Post Syndicated from Subham Rakshit original https://aws.amazon.com/blogs/big-data/build-multi-region-resilient-apache-kafka-applications-with-identical-topic-names-using-amazon-msk-and-amazon-msk-replicator/

Resilience has always been a top priority for customers running mission-critical Apache Kafka applications. Amazon Managed Streaming for Apache Kafka (Amazon MSK) is deployed across multiple Availability Zones and provides resilience within an AWS Region. However, mission-critical Kafka deployments require cross-Region resilience to minimize downtime during service impairment in a Region. With Amazon MSK Replicator, you can build multi-Region resilient streaming applications to provide business continuity, share data with partners, aggregate data from multiple clusters for analytics, and serve global clients with reduced latency. This post explains how to use MSK Replicator for cross-cluster data replication and details the failover and failback processes while keeping the same topic name across Regions.

MSK Replicator overview

Amazon MSK offers two cluster types: Provisioned and Serverless. Provisioned cluster supports two broker types: Standard and Express. With the introduction of Amazon MSK Express brokers, you can now deploy MSK clusters that significantly reduce recovery time by up to 90% while delivering consistent performance. Express brokers provide up to 3 times the throughput per broker and scale up to 20 times faster compared to Standard brokers running Kafka. MSK Replicator works with both broker types in Provisioned clusters and along with Serverless clusters.

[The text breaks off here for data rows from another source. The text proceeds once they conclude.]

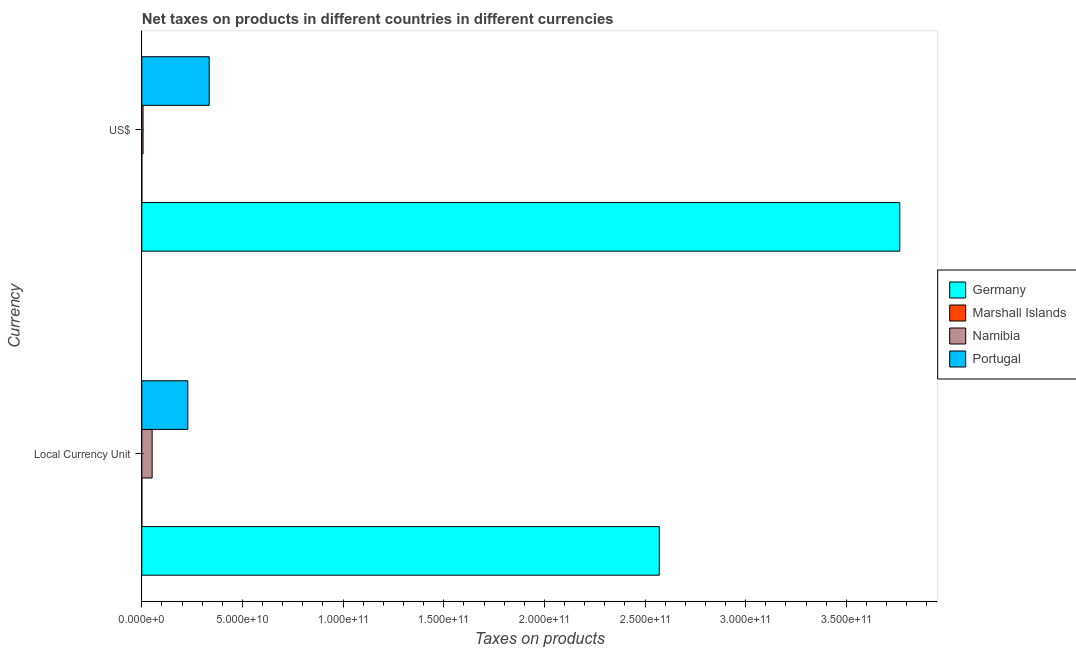How many groups of bars are there?
Offer a terse response. 2. How many bars are there on the 2nd tick from the top?
Offer a terse response. 4. How many bars are there on the 2nd tick from the bottom?
Offer a terse response. 4. What is the label of the 1st group of bars from the top?
Keep it short and to the point. US$. What is the net taxes in us$ in Germany?
Provide a short and direct response. 3.77e+11. Across all countries, what is the maximum net taxes in constant 2005 us$?
Offer a very short reply. 2.57e+11. Across all countries, what is the minimum net taxes in us$?
Offer a very short reply. 1.14e+07. In which country was the net taxes in constant 2005 us$ maximum?
Offer a very short reply. Germany. In which country was the net taxes in constant 2005 us$ minimum?
Offer a terse response. Marshall Islands. What is the total net taxes in us$ in the graph?
Your answer should be very brief. 4.11e+11. What is the difference between the net taxes in constant 2005 us$ in Marshall Islands and that in Portugal?
Provide a succinct answer. -2.28e+1. What is the difference between the net taxes in us$ in Marshall Islands and the net taxes in constant 2005 us$ in Germany?
Your answer should be compact. -2.57e+11. What is the average net taxes in constant 2005 us$ per country?
Provide a succinct answer. 7.13e+1. What is the difference between the net taxes in constant 2005 us$ and net taxes in us$ in Marshall Islands?
Your answer should be very brief. 0. What is the ratio of the net taxes in constant 2005 us$ in Germany to that in Marshall Islands?
Ensure brevity in your answer.  2.25e+04. What does the 1st bar from the top in US$ represents?
Offer a very short reply. Portugal. What does the 4th bar from the bottom in Local Currency Unit represents?
Ensure brevity in your answer.  Portugal. How many bars are there?
Your answer should be compact. 8. What is the difference between two consecutive major ticks on the X-axis?
Your answer should be compact. 5.00e+1. Does the graph contain grids?
Give a very brief answer. No. How are the legend labels stacked?
Your response must be concise. Vertical. What is the title of the graph?
Ensure brevity in your answer.  Net taxes on products in different countries in different currencies. Does "Kuwait" appear as one of the legend labels in the graph?
Offer a terse response. No. What is the label or title of the X-axis?
Ensure brevity in your answer.  Taxes on products. What is the label or title of the Y-axis?
Offer a terse response. Currency. What is the Taxes on products in Germany in Local Currency Unit?
Provide a succinct answer. 2.57e+11. What is the Taxes on products of Marshall Islands in Local Currency Unit?
Ensure brevity in your answer.  1.14e+07. What is the Taxes on products in Namibia in Local Currency Unit?
Offer a terse response. 5.14e+09. What is the Taxes on products of Portugal in Local Currency Unit?
Your answer should be compact. 2.29e+1. What is the Taxes on products in Germany in US$?
Your response must be concise. 3.77e+11. What is the Taxes on products in Marshall Islands in US$?
Your answer should be very brief. 1.14e+07. What is the Taxes on products of Namibia in US$?
Offer a terse response. 6.22e+08. What is the Taxes on products of Portugal in US$?
Your response must be concise. 3.35e+1. Across all Currency, what is the maximum Taxes on products of Germany?
Offer a very short reply. 3.77e+11. Across all Currency, what is the maximum Taxes on products of Marshall Islands?
Provide a succinct answer. 1.14e+07. Across all Currency, what is the maximum Taxes on products in Namibia?
Your response must be concise. 5.14e+09. Across all Currency, what is the maximum Taxes on products in Portugal?
Keep it short and to the point. 3.35e+1. Across all Currency, what is the minimum Taxes on products of Germany?
Make the answer very short. 2.57e+11. Across all Currency, what is the minimum Taxes on products in Marshall Islands?
Keep it short and to the point. 1.14e+07. Across all Currency, what is the minimum Taxes on products of Namibia?
Your answer should be very brief. 6.22e+08. Across all Currency, what is the minimum Taxes on products of Portugal?
Provide a succinct answer. 2.29e+1. What is the total Taxes on products in Germany in the graph?
Your answer should be very brief. 6.34e+11. What is the total Taxes on products of Marshall Islands in the graph?
Ensure brevity in your answer.  2.29e+07. What is the total Taxes on products of Namibia in the graph?
Offer a terse response. 5.76e+09. What is the total Taxes on products of Portugal in the graph?
Your response must be concise. 5.63e+1. What is the difference between the Taxes on products of Germany in Local Currency Unit and that in US$?
Offer a very short reply. -1.19e+11. What is the difference between the Taxes on products of Namibia in Local Currency Unit and that in US$?
Offer a terse response. 4.52e+09. What is the difference between the Taxes on products in Portugal in Local Currency Unit and that in US$?
Offer a terse response. -1.06e+1. What is the difference between the Taxes on products of Germany in Local Currency Unit and the Taxes on products of Marshall Islands in US$?
Provide a succinct answer. 2.57e+11. What is the difference between the Taxes on products in Germany in Local Currency Unit and the Taxes on products in Namibia in US$?
Offer a very short reply. 2.56e+11. What is the difference between the Taxes on products in Germany in Local Currency Unit and the Taxes on products in Portugal in US$?
Ensure brevity in your answer.  2.24e+11. What is the difference between the Taxes on products of Marshall Islands in Local Currency Unit and the Taxes on products of Namibia in US$?
Give a very brief answer. -6.10e+08. What is the difference between the Taxes on products of Marshall Islands in Local Currency Unit and the Taxes on products of Portugal in US$?
Provide a short and direct response. -3.35e+1. What is the difference between the Taxes on products of Namibia in Local Currency Unit and the Taxes on products of Portugal in US$?
Make the answer very short. -2.83e+1. What is the average Taxes on products of Germany per Currency?
Make the answer very short. 3.17e+11. What is the average Taxes on products in Marshall Islands per Currency?
Your response must be concise. 1.14e+07. What is the average Taxes on products of Namibia per Currency?
Ensure brevity in your answer.  2.88e+09. What is the average Taxes on products in Portugal per Currency?
Offer a very short reply. 2.82e+1. What is the difference between the Taxes on products in Germany and Taxes on products in Marshall Islands in Local Currency Unit?
Provide a succinct answer. 2.57e+11. What is the difference between the Taxes on products in Germany and Taxes on products in Namibia in Local Currency Unit?
Your response must be concise. 2.52e+11. What is the difference between the Taxes on products of Germany and Taxes on products of Portugal in Local Currency Unit?
Give a very brief answer. 2.34e+11. What is the difference between the Taxes on products of Marshall Islands and Taxes on products of Namibia in Local Currency Unit?
Offer a very short reply. -5.13e+09. What is the difference between the Taxes on products of Marshall Islands and Taxes on products of Portugal in Local Currency Unit?
Keep it short and to the point. -2.28e+1. What is the difference between the Taxes on products in Namibia and Taxes on products in Portugal in Local Currency Unit?
Offer a terse response. -1.77e+1. What is the difference between the Taxes on products in Germany and Taxes on products in Marshall Islands in US$?
Give a very brief answer. 3.77e+11. What is the difference between the Taxes on products in Germany and Taxes on products in Namibia in US$?
Provide a succinct answer. 3.76e+11. What is the difference between the Taxes on products in Germany and Taxes on products in Portugal in US$?
Your response must be concise. 3.43e+11. What is the difference between the Taxes on products in Marshall Islands and Taxes on products in Namibia in US$?
Your answer should be compact. -6.10e+08. What is the difference between the Taxes on products of Marshall Islands and Taxes on products of Portugal in US$?
Your response must be concise. -3.35e+1. What is the difference between the Taxes on products in Namibia and Taxes on products in Portugal in US$?
Your answer should be very brief. -3.29e+1. What is the ratio of the Taxes on products of Germany in Local Currency Unit to that in US$?
Your response must be concise. 0.68. What is the ratio of the Taxes on products of Namibia in Local Currency Unit to that in US$?
Keep it short and to the point. 8.26. What is the ratio of the Taxes on products in Portugal in Local Currency Unit to that in US$?
Your answer should be very brief. 0.68. What is the difference between the highest and the second highest Taxes on products in Germany?
Provide a succinct answer. 1.19e+11. What is the difference between the highest and the second highest Taxes on products of Namibia?
Ensure brevity in your answer.  4.52e+09. What is the difference between the highest and the second highest Taxes on products in Portugal?
Your answer should be compact. 1.06e+1. What is the difference between the highest and the lowest Taxes on products of Germany?
Provide a succinct answer. 1.19e+11. What is the difference between the highest and the lowest Taxes on products in Namibia?
Offer a very short reply. 4.52e+09. What is the difference between the highest and the lowest Taxes on products in Portugal?
Offer a very short reply. 1.06e+1. 
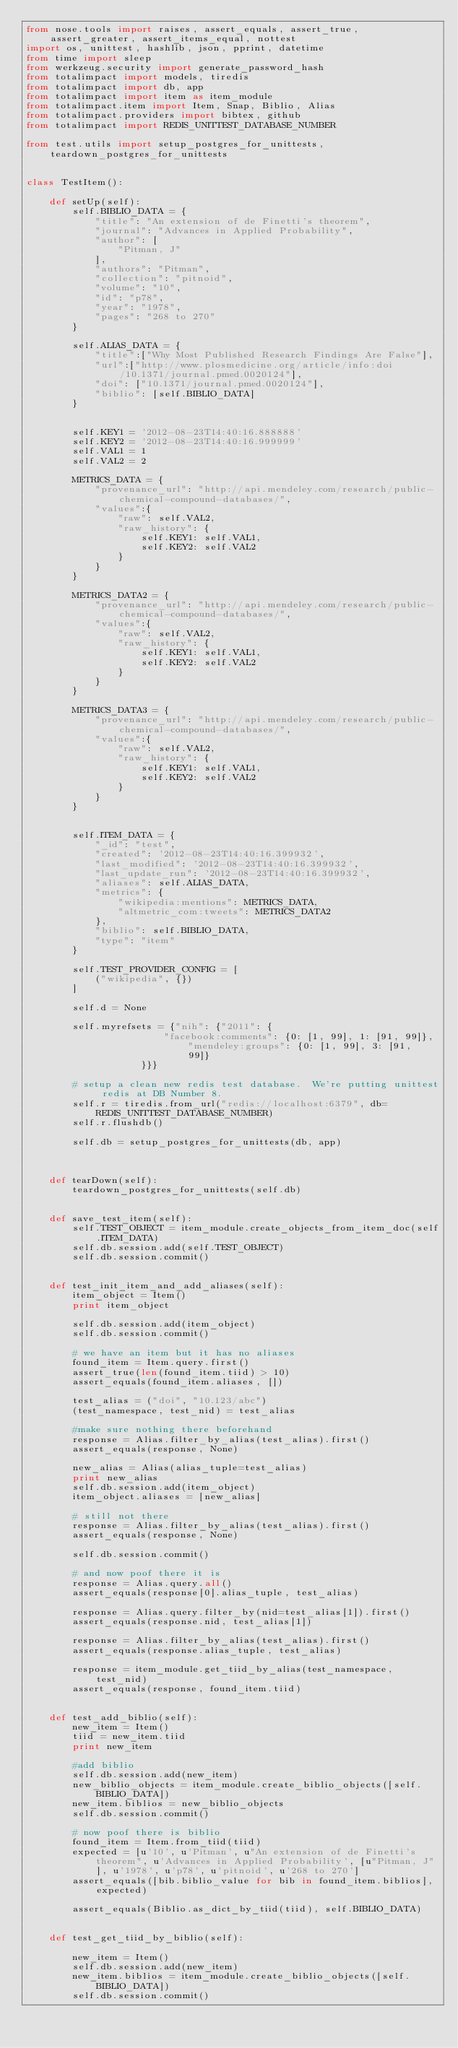Convert code to text. <code><loc_0><loc_0><loc_500><loc_500><_Python_>from nose.tools import raises, assert_equals, assert_true, assert_greater, assert_items_equal, nottest
import os, unittest, hashlib, json, pprint, datetime
from time import sleep
from werkzeug.security import generate_password_hash
from totalimpact import models, tiredis
from totalimpact import db, app
from totalimpact import item as item_module
from totalimpact.item import Item, Snap, Biblio, Alias
from totalimpact.providers import bibtex, github
from totalimpact import REDIS_UNITTEST_DATABASE_NUMBER

from test.utils import setup_postgres_for_unittests, teardown_postgres_for_unittests


class TestItem():

    def setUp(self):
        self.BIBLIO_DATA = {
            "title": "An extension of de Finetti's theorem",
            "journal": "Advances in Applied Probability",
            "author": [
                "Pitman, J"
            ],
            "authors": "Pitman",
            "collection": "pitnoid",
            "volume": "10",
            "id": "p78",
            "year": "1978",
            "pages": "268 to 270"
        }

        self.ALIAS_DATA = {
            "title":["Why Most Published Research Findings Are False"],
            "url":["http://www.plosmedicine.org/article/info:doi/10.1371/journal.pmed.0020124"],
            "doi": ["10.1371/journal.pmed.0020124"],
            "biblio": [self.BIBLIO_DATA]
        }


        self.KEY1 = '2012-08-23T14:40:16.888888'
        self.KEY2 = '2012-08-23T14:40:16.999999'
        self.VAL1 = 1
        self.VAL2 = 2

        METRICS_DATA = {
            "provenance_url": "http://api.mendeley.com/research/public-chemical-compound-databases/",
            "values":{
                "raw": self.VAL2,
                "raw_history": {
                    self.KEY1: self.VAL1,
                    self.KEY2: self.VAL2
                }
            }
        }

        METRICS_DATA2 = {
            "provenance_url": "http://api.mendeley.com/research/public-chemical-compound-databases/",
            "values":{
                "raw": self.VAL2,
                "raw_history": {
                    self.KEY1: self.VAL1,
                    self.KEY2: self.VAL2
                }
            }
        }

        METRICS_DATA3 = {
            "provenance_url": "http://api.mendeley.com/research/public-chemical-compound-databases/",
            "values":{
                "raw": self.VAL2,
                "raw_history": {
                    self.KEY1: self.VAL1,
                    self.KEY2: self.VAL2
                }
            }
        }


        self.ITEM_DATA = {
            "_id": "test",
            "created": '2012-08-23T14:40:16.399932',
            "last_modified": '2012-08-23T14:40:16.399932',
            "last_update_run": '2012-08-23T14:40:16.399932',
            "aliases": self.ALIAS_DATA,
            "metrics": {
                "wikipedia:mentions": METRICS_DATA,
                "altmetric_com:tweets": METRICS_DATA2
            },
            "biblio": self.BIBLIO_DATA,
            "type": "item"
        }

        self.TEST_PROVIDER_CONFIG = [
            ("wikipedia", {})
        ]

        self.d = None
        
        self.myrefsets = {"nih": {"2011": {
                        "facebook:comments": {0: [1, 99], 1: [91, 99]}, "mendeley:groups": {0: [1, 99], 3: [91, 99]}
                    }}}

        # setup a clean new redis test database.  We're putting unittest redis at DB Number 8.
        self.r = tiredis.from_url("redis://localhost:6379", db=REDIS_UNITTEST_DATABASE_NUMBER)
        self.r.flushdb()

        self.db = setup_postgres_for_unittests(db, app)
        


    def tearDown(self):
        teardown_postgres_for_unittests(self.db)


    def save_test_item(self):
        self.TEST_OBJECT = item_module.create_objects_from_item_doc(self.ITEM_DATA)        
        self.db.session.add(self.TEST_OBJECT)
        self.db.session.commit()


    def test_init_item_and_add_aliases(self):
        item_object = Item()
        print item_object

        self.db.session.add(item_object)
        self.db.session.commit()

        # we have an item but it has no aliases
        found_item = Item.query.first()
        assert_true(len(found_item.tiid) > 10)
        assert_equals(found_item.aliases, [])

        test_alias = ("doi", "10.123/abc")
        (test_namespace, test_nid) = test_alias

        #make sure nothing there beforehand
        response = Alias.filter_by_alias(test_alias).first()
        assert_equals(response, None)

        new_alias = Alias(alias_tuple=test_alias)
        print new_alias
        self.db.session.add(item_object)
        item_object.aliases = [new_alias]

        # still not there
        response = Alias.filter_by_alias(test_alias).first()
        assert_equals(response, None)

        self.db.session.commit()

        # and now poof there it is
        response = Alias.query.all()
        assert_equals(response[0].alias_tuple, test_alias)

        response = Alias.query.filter_by(nid=test_alias[1]).first()
        assert_equals(response.nid, test_alias[1])

        response = Alias.filter_by_alias(test_alias).first()
        assert_equals(response.alias_tuple, test_alias)

        response = item_module.get_tiid_by_alias(test_namespace, test_nid)
        assert_equals(response, found_item.tiid)


    def test_add_biblio(self):
        new_item = Item()
        tiid = new_item.tiid
        print new_item

        #add biblio
        self.db.session.add(new_item)
        new_biblio_objects = item_module.create_biblio_objects([self.BIBLIO_DATA]) 
        new_item.biblios = new_biblio_objects
        self.db.session.commit()

        # now poof there is biblio
        found_item = Item.from_tiid(tiid)
        expected = [u'10', u'Pitman', u"An extension of de Finetti's theorem", u'Advances in Applied Probability', [u"Pitman, J"], u'1978', u'p78', u'pitnoid', u'268 to 270']
        assert_equals([bib.biblio_value for bib in found_item.biblios], expected)
        
        assert_equals(Biblio.as_dict_by_tiid(tiid), self.BIBLIO_DATA)


    def test_get_tiid_by_biblio(self):

        new_item = Item()
        self.db.session.add(new_item)
        new_item.biblios = item_module.create_biblio_objects([self.BIBLIO_DATA]) 
        self.db.session.commit()
</code> 
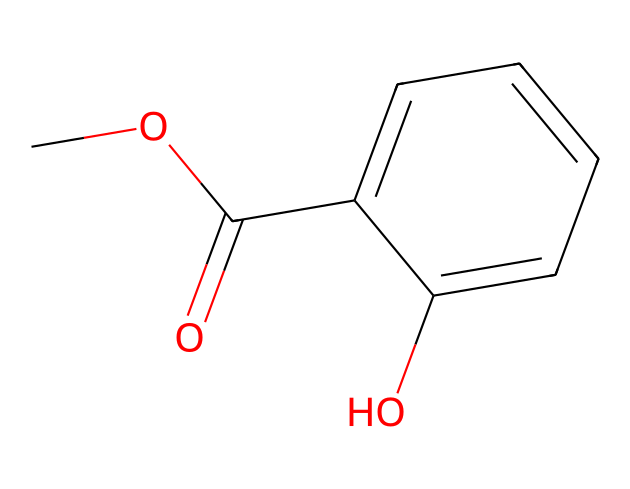What is the common name of this compound? The given SMILES represents methyl salicylate, which is a well-known analgesic compound commonly used in topical pain relievers.
Answer: methyl salicylate How many carbon atoms are in the molecule? By analyzing the provided SMILES, the molecule contains a total of 9 carbon atoms (C). This includes the methyl group, the carbonyl carbon, and the carbons in the aromatic ring.
Answer: 9 What functional groups are present in this compound? The molecule contains an ester functional group (indicated by the C(=O)O part) and a hydroxyl group (the -OH attached to the aromatic ring) as seen from the SMILES representation.
Answer: ester and hydroxyl What is the significance of the -O- (methoxy) group in this chemical? The -O- (methoxy) group enhances the lipophilicity and affects the solubility of the compound, contributing to its absorption in topical formulations, as derived from the structure.
Answer: enhances absorption What type of compound is methyl salicylate primarily classified as? Based on its functional groups and structure, methyl salicylate is primarily classified as an ester due to the ester bond (C(=O)O) linking the methoxy and salicylic acid components.
Answer: ester How does the aromatic ring structure affect the properties of methyl salicylate? The presence of the aromatic ring increases the stability and influences the interaction of the compound with biological targets, as it affects the overall polarity and reactivity of the molecule.
Answer: increases stability and interactiveness 
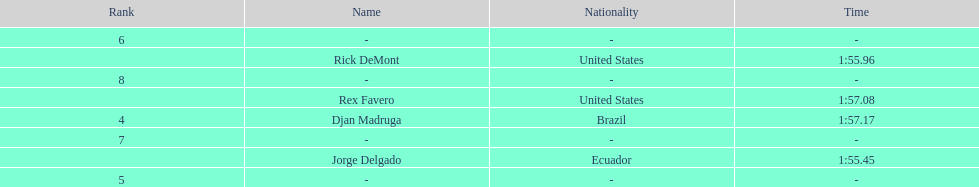What is the average time? 1:56.42. Could you parse the entire table? {'header': ['Rank', 'Name', 'Nationality', 'Time'], 'rows': [['6', '-', '-', '-'], ['', 'Rick DeMont', 'United States', '1:55.96'], ['8', '-', '-', '-'], ['', 'Rex Favero', 'United States', '1:57.08'], ['4', 'Djan Madruga', 'Brazil', '1:57.17'], ['7', '-', '-', '-'], ['', 'Jorge Delgado', 'Ecuador', '1:55.45'], ['5', '-', '-', '-']]} 
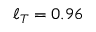Convert formula to latex. <formula><loc_0><loc_0><loc_500><loc_500>\ell _ { T } = 0 . 9 6</formula>

MSK Replicator supports an identical topic name configuration, enabling seamless topic name retention during both active-active or active-passive replication. This avoids the risk of infinite replication loops commonly associated with third-party or open source replication tools. When deploying an active-passive cluster architecture for regional resilience, where one cluster handles live traffic and the other acts as a standby, an identical topic configuration simplifies the failover process. Applications can transition to the standby cluster without reconfiguration because topic names remain consistent across the source and target clusters.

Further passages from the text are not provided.